Ankle and hip postural strategies defined by joint torques

Abstract

Previous studies have identified two discrete strategies for the control of posture in the sagittal plane based on EMG activations, body kinematics, and ground reaction forces. The ankle strategy was characterized by body sway resembling a single-segment-inverted pendulum and was elicited on flat support surfaces. In contrast, the hip strategy was characterized by body sway resembling a double-segment inverted pendulum divided at the hip and was elicited on short or compliant support surfaces. However, biomechanical optimization models have suggested that hip strategy should be observed in response to fast translations on a flat surface also, provided the feet are constrained to remain in contact with the floor and the knee is constrained to remain straight. The purpose of this study was to examine the experimental evidence for hip strategy in postural responses to backward translations of a flat support surface and to determine whether analyses of joint torques would provide evidence for two separate postural strategies. Normal subjects standing on a flat support surface were translated backward with a range of velocities from fast (55 cm/s) to slow (5 cm/s). EMG activations and joint kinematics showed pattern changes consistent with previous experimental descriptions of mixed hip and ankle strategy with increasing platform velocity.
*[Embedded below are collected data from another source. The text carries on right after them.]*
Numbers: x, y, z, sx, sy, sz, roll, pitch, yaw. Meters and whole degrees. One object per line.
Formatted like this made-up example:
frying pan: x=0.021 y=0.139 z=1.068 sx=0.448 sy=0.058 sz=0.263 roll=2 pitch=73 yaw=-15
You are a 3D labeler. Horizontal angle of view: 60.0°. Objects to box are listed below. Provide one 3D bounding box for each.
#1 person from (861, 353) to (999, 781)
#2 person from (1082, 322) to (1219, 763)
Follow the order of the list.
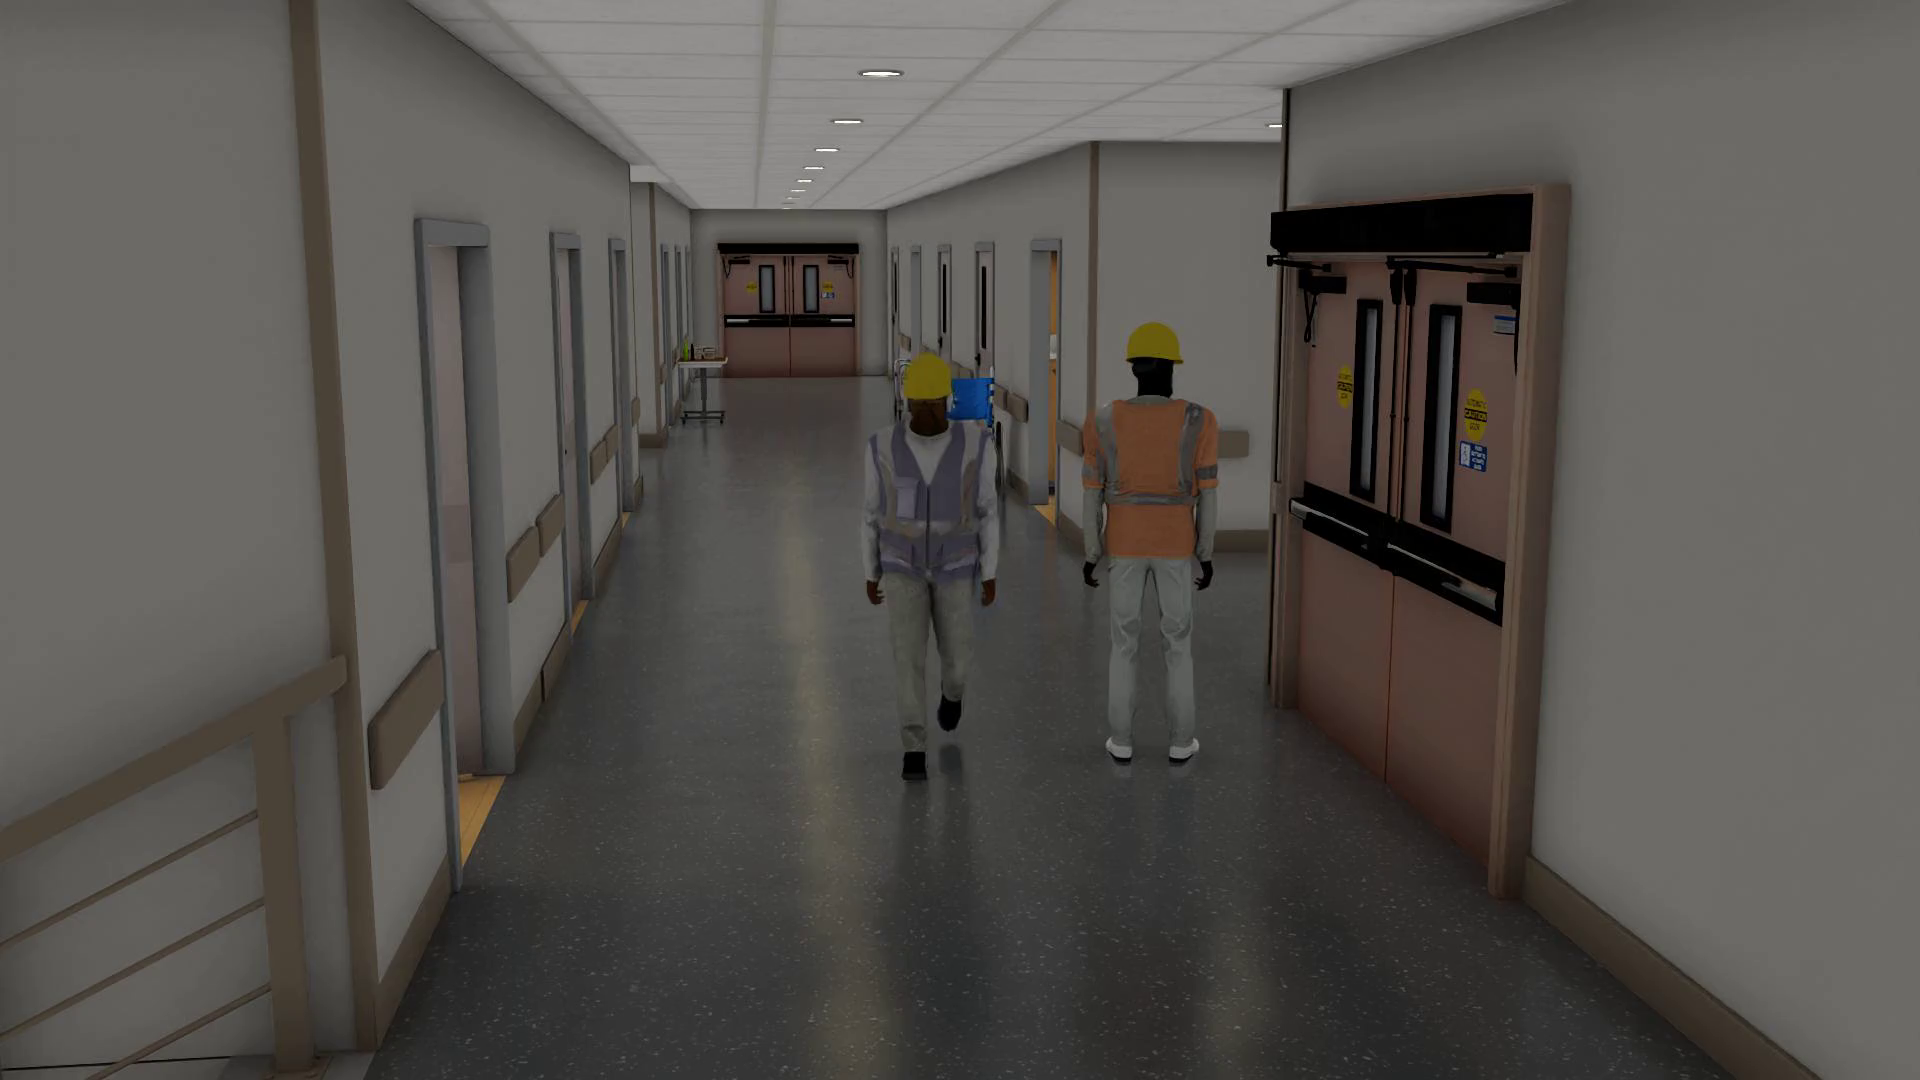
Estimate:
person: x=-0.129 y=0.081 z=7.232 sx=0.598 sy=1.810 sz=0.728 roll=0 pitch=10 yaw=1
person: x=0.824 y=0.020 z=7.260 sx=0.588 sy=1.923 sz=0.383 roll=2 pitch=10 yaw=9
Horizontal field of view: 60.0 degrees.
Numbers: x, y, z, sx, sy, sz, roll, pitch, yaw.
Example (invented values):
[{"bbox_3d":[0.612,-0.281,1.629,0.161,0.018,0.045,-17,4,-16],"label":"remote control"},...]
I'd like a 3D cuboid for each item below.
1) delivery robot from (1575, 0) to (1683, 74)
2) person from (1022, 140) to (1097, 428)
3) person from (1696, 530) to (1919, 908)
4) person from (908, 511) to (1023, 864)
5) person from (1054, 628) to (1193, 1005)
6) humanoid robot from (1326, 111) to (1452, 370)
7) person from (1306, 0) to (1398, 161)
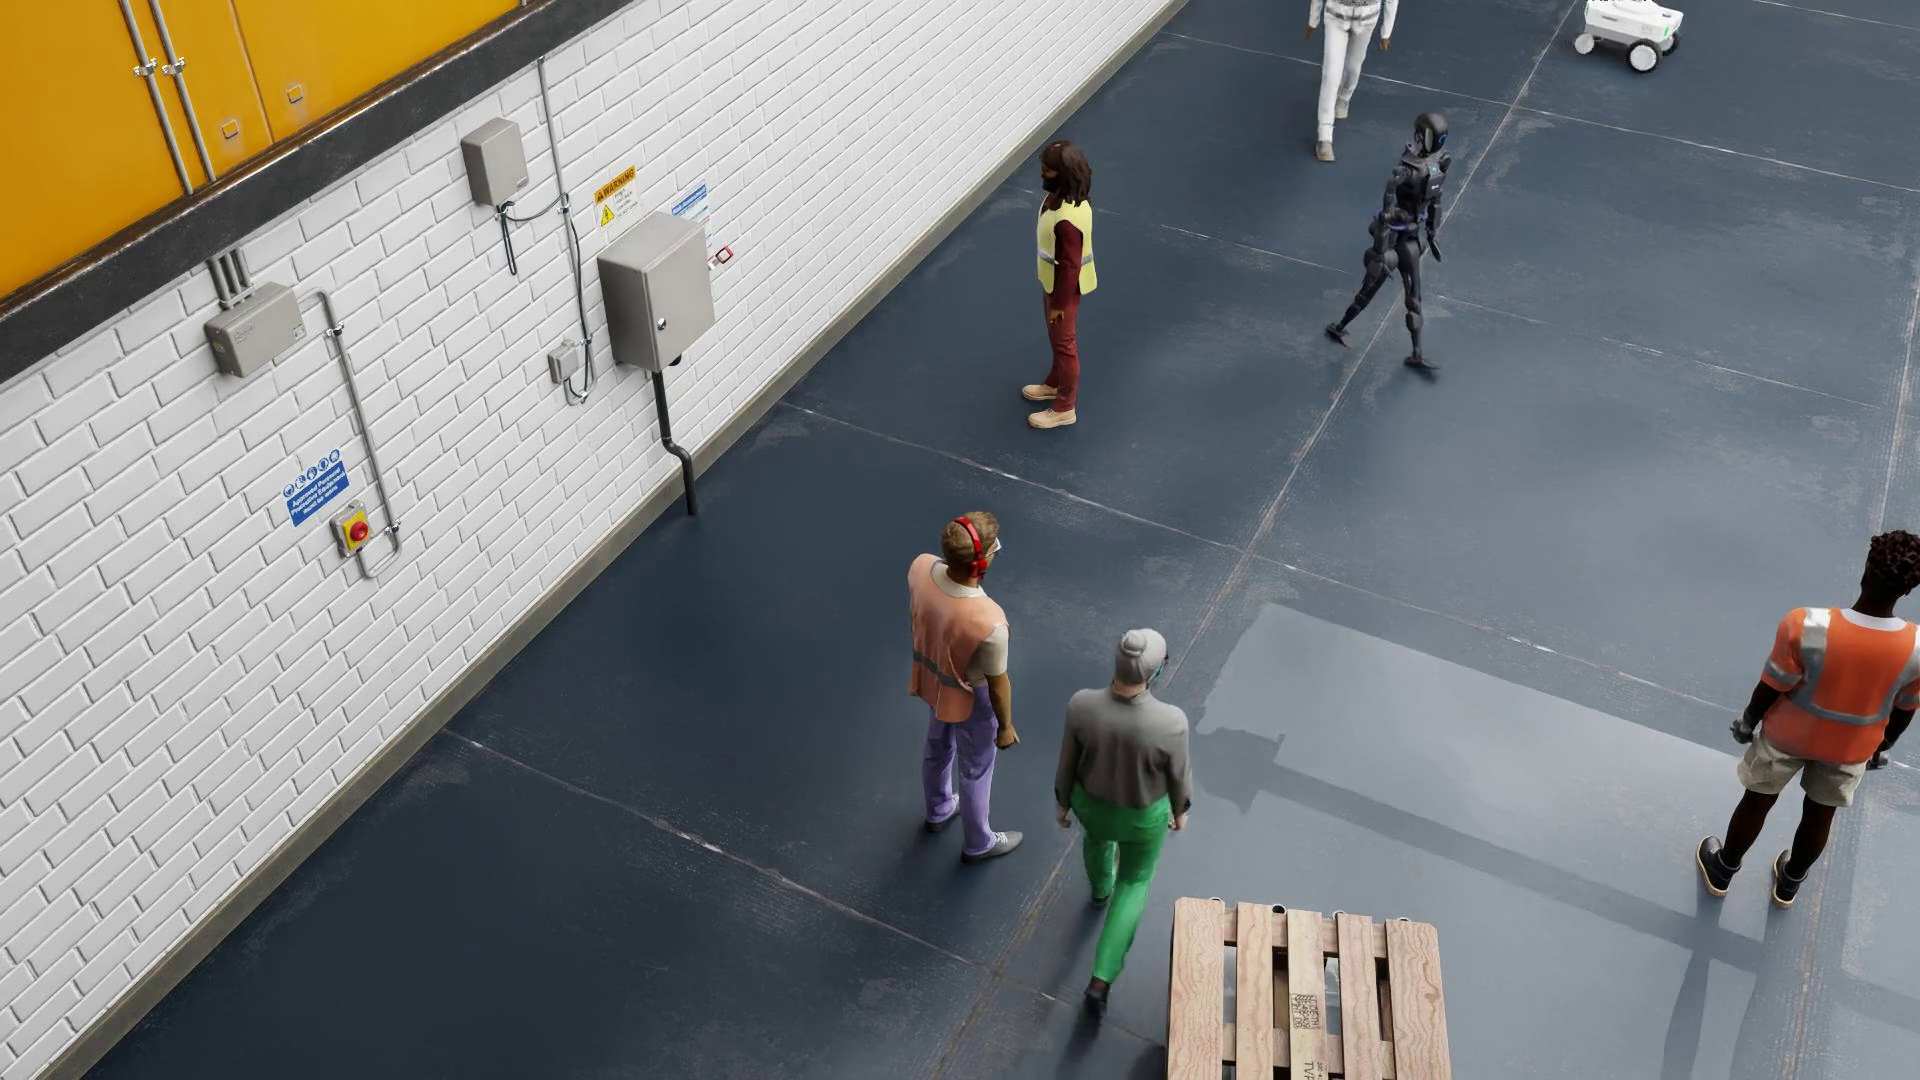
[{"bbox_3d":[5.417,-4.148,13.424,0.793,0.590,0.499,27,48,28],"label":"delivery robot"},{"bbox_3d":[0.572,-1.434,9.349,0.378,1.773,0.469,-2,41,-3],"label":"person"},{"bbox_3d":[3.440,0.752,6.668,0.602,1.966,0.367,11,42,13],"label":"person"},{"bbox_3d":[0.006,0.636,6.893,0.390,1.845,0.563,-29,48,-29],"label":"person"},{"bbox_3d":[0.626,1.027,6.473,0.527,1.822,0.824,14,43,15],"label":"person"},{"bbox_3d":[2.626,-1.766,9.836,0.595,1.623,0.772,-27,48,-28],"label":"humanoid robot"},{"bbox_3d":[2.827,-3.767,12.005,0.592,1.840,0.972,5,41,6],"label":"person"}]

Joint torque analyses revealed the addition of a hip flexor torque to the ankle plantarflexor torque during fast translations. This finding indicates the addition of hip strategy to ankle strategy to produce a continuum of postural responses. Hip torque without accompanying ankle torque (pure hip strategy) was not observed. Although postural control strategies have previously been defined by how the body moves, we conclude that joint torques, which indicate how body movements are produced, are useful in defining postural control strategies. These results also illustrate how the biomechanics of the body can transform discrete control patterns into a continuum of postural corrections.